* What to produce
Only one span of the listing below is wanted: the lines from the one with "2) Thickness scan" through the one with "Line((-70, -70), (-70, 70))", reproduced exactly, both ends kept.

BEGIN Data for analysis

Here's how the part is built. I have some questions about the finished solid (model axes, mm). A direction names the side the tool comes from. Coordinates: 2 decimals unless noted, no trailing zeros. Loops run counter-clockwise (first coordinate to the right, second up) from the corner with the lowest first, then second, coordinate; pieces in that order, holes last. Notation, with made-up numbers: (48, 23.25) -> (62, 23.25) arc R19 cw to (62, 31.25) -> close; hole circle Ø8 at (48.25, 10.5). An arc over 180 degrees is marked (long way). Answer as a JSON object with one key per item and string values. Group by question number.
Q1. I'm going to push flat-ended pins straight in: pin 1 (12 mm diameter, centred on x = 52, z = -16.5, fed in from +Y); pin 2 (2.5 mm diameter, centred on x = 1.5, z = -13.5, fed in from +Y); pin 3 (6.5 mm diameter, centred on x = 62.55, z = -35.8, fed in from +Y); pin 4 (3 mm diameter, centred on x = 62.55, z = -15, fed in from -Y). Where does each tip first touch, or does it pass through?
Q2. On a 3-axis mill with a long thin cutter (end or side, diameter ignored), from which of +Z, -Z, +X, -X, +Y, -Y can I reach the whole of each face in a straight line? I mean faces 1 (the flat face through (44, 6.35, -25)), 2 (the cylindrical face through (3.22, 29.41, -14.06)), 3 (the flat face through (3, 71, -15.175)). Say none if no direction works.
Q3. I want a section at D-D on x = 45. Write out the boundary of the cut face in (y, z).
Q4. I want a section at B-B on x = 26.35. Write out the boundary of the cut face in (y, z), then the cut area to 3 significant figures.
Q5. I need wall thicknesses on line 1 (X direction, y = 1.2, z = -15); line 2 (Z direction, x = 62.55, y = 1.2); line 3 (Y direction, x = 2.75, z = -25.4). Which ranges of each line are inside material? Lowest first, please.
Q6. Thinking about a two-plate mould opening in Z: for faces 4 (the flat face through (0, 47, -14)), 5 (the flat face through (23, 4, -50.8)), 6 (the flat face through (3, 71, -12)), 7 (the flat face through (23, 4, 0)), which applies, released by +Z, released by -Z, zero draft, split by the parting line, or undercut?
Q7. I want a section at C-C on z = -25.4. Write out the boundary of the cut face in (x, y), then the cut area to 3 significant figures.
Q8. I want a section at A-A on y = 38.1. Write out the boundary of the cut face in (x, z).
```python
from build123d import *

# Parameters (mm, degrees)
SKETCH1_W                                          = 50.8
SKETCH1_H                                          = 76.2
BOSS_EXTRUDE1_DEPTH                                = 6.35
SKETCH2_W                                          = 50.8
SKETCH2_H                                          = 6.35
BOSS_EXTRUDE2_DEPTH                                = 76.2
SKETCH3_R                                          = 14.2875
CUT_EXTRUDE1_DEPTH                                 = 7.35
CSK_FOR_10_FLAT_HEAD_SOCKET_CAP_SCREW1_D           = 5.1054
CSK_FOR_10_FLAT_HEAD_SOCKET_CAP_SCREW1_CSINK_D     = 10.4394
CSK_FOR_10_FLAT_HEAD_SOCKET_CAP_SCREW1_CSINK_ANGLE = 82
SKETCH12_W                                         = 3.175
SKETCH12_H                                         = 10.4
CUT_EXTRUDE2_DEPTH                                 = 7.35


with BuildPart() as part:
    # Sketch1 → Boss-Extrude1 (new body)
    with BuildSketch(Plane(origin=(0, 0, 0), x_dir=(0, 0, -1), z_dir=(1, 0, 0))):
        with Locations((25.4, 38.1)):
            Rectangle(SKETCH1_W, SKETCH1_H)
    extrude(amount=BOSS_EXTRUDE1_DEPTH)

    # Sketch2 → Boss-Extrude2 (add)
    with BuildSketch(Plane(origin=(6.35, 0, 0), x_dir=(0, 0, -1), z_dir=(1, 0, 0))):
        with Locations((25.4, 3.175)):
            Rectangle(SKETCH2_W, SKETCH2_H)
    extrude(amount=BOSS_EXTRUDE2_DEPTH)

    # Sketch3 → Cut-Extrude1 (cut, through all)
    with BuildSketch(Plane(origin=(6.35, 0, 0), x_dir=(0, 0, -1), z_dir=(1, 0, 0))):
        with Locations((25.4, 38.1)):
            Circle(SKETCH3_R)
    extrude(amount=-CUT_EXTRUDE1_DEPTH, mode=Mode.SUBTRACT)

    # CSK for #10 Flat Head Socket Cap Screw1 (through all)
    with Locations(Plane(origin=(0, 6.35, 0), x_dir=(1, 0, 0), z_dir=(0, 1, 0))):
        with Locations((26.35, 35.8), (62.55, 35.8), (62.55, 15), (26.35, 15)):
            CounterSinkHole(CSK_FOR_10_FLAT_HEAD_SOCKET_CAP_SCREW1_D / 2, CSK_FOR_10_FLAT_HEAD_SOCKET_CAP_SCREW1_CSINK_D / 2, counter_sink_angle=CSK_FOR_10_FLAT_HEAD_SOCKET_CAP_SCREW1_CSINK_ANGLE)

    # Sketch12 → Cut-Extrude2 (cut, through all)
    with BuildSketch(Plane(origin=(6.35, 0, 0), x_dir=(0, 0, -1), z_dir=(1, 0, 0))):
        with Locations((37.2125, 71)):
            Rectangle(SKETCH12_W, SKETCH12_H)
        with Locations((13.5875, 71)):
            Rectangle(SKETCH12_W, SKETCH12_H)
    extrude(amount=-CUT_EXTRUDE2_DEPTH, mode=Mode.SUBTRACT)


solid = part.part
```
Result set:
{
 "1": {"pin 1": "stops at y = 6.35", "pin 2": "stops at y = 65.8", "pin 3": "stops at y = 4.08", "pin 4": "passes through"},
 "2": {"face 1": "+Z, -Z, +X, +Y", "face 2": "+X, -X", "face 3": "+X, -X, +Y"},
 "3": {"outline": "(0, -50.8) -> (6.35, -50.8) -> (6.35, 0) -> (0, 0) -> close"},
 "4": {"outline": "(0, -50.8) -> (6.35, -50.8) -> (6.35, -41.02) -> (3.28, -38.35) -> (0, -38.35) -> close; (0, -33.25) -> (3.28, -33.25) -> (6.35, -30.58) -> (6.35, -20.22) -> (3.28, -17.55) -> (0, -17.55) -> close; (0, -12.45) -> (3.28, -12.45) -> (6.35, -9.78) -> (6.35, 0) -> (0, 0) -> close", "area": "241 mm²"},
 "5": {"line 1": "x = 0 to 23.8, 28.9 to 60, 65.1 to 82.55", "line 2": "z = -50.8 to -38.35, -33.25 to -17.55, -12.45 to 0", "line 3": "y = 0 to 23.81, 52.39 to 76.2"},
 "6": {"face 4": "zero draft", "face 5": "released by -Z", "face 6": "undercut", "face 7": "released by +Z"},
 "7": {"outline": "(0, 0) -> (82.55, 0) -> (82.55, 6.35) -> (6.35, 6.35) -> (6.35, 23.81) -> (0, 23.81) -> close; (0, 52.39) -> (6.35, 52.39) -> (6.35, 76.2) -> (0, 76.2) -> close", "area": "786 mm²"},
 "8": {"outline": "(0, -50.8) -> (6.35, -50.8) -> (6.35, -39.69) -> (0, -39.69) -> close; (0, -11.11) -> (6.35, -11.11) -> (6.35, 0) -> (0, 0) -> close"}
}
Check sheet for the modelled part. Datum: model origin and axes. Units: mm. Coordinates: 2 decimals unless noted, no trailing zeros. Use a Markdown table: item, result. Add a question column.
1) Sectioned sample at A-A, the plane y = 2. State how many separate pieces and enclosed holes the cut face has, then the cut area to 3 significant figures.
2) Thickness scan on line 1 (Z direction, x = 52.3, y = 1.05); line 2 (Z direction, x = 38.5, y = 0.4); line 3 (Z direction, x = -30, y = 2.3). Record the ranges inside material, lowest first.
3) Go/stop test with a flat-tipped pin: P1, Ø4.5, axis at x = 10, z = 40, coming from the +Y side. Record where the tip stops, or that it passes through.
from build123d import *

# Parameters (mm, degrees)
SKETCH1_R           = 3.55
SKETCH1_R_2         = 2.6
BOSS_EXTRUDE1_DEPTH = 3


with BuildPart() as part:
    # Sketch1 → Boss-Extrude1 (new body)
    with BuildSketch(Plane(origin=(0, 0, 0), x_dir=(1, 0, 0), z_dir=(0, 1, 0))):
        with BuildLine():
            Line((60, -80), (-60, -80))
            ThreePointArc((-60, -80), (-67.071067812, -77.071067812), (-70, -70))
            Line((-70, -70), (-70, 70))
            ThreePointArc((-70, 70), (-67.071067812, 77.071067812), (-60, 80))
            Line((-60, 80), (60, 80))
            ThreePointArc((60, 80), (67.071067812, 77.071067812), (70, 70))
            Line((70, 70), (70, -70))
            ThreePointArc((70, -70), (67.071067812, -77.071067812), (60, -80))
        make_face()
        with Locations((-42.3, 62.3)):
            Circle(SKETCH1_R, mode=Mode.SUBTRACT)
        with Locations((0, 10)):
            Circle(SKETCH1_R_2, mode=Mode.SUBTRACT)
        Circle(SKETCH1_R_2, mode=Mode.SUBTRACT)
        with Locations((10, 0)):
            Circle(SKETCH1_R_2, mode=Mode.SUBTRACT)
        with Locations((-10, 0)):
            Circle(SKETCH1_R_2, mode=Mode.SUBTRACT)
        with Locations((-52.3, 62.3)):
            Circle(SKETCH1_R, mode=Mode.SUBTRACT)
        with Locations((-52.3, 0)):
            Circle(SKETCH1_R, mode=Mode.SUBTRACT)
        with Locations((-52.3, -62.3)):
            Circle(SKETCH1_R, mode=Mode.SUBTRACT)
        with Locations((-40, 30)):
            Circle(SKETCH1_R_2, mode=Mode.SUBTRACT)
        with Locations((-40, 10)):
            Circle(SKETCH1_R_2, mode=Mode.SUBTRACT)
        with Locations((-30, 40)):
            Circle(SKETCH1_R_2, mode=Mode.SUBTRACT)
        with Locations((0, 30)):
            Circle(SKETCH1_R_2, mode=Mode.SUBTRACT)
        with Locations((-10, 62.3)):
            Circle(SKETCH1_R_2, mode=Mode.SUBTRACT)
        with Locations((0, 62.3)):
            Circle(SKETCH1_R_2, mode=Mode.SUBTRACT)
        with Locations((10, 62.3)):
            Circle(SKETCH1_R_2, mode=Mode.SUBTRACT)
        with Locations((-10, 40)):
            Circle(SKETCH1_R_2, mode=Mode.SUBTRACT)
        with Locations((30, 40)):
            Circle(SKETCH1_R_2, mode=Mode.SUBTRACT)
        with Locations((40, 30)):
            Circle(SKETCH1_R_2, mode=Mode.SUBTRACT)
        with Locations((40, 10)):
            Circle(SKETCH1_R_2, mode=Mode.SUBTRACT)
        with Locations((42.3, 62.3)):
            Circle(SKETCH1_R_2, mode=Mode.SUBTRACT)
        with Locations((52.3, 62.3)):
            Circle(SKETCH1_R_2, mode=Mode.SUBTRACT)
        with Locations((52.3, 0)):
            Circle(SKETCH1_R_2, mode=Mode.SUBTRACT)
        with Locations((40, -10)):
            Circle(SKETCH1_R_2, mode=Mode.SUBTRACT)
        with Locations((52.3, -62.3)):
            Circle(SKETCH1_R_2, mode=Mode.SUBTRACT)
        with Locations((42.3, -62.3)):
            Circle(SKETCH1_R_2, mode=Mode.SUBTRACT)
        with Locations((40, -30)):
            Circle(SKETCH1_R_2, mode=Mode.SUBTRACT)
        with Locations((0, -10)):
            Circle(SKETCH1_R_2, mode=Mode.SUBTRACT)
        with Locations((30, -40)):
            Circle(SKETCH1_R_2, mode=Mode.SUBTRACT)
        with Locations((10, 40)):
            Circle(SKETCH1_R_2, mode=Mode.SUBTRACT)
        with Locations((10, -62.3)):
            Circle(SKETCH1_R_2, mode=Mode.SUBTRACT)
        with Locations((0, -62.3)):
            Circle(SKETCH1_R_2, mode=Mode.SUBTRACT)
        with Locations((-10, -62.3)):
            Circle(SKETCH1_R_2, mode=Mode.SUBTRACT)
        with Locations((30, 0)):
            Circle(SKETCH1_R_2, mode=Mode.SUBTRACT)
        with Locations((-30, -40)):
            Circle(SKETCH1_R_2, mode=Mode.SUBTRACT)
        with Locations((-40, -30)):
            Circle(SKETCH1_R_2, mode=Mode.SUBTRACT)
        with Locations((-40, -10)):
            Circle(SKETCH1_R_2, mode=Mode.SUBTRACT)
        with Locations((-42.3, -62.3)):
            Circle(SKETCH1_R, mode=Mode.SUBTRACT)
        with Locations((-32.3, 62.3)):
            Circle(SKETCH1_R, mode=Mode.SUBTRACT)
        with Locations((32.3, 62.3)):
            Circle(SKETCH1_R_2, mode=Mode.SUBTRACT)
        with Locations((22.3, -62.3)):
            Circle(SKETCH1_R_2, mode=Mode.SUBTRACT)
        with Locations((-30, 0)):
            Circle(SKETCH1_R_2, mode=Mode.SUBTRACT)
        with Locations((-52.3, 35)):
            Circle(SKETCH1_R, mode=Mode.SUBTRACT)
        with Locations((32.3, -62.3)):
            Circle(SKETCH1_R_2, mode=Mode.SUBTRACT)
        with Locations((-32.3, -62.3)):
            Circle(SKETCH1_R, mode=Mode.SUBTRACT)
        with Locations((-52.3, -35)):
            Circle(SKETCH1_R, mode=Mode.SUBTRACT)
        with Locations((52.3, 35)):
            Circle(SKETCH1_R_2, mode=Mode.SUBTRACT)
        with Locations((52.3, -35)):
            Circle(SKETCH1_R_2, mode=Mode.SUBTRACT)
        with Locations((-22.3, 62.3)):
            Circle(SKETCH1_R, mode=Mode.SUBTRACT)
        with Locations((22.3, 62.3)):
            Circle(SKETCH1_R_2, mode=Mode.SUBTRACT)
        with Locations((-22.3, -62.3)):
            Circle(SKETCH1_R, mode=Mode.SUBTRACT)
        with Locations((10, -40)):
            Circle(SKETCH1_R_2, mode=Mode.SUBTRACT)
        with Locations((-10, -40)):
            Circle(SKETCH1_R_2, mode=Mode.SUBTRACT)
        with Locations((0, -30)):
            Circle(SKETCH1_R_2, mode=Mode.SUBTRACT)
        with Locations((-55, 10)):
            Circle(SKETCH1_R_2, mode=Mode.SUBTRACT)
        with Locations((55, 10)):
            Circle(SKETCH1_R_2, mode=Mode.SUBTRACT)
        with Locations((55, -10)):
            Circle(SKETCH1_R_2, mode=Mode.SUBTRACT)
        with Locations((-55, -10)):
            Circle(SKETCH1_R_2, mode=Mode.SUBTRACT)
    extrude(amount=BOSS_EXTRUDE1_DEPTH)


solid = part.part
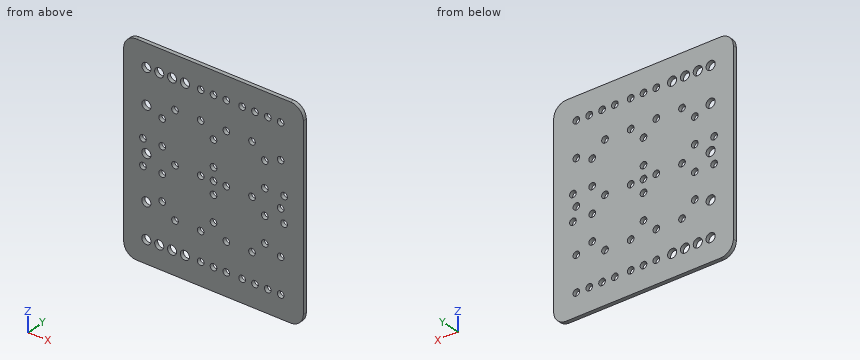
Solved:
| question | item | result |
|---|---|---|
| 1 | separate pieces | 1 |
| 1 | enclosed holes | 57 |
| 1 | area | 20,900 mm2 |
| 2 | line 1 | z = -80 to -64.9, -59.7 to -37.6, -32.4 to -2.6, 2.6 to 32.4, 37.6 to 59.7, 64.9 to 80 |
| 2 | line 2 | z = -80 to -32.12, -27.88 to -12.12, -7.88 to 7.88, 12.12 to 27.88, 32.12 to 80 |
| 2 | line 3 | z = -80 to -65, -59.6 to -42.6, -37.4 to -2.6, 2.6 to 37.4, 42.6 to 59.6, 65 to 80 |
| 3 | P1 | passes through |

END Data for analysis

* Answer
2) Thickness scan on line 1 (Z direction, x = 52.3, y = 1.05); line 2 (Z direction, x = 38.5, y = 0.4); line 3 (Z direction, x = -30, y = 2.3). Record the ranges inside material, lowest first.
3) Go/stop test with a flat-tipped pin: P1, Ø4.5, axis at x = 10, z = 40, coming from the +Y side. Record where the tip stops, or that it passes through.
from build123d import *

# Parameters (mm, degrees)
SKETCH1_R           = 3.55
SKETCH1_R_2         = 2.6
BOSS_EXTRUDE1_DEPTH = 3


with BuildPart() as part:
    # Sketch1 → Boss-Extrude1 (new body)
    with BuildSketch(Plane(origin=(0, 0, 0), x_dir=(1, 0, 0), z_dir=(0, 1, 0))):
        with BuildLine():
            Line((60, -80), (-60, -80))
            ThreePointArc((-60, -80), (-67.071067812, -77.071067812), (-70, -70))
            Line((-70, -70), (-70, 70))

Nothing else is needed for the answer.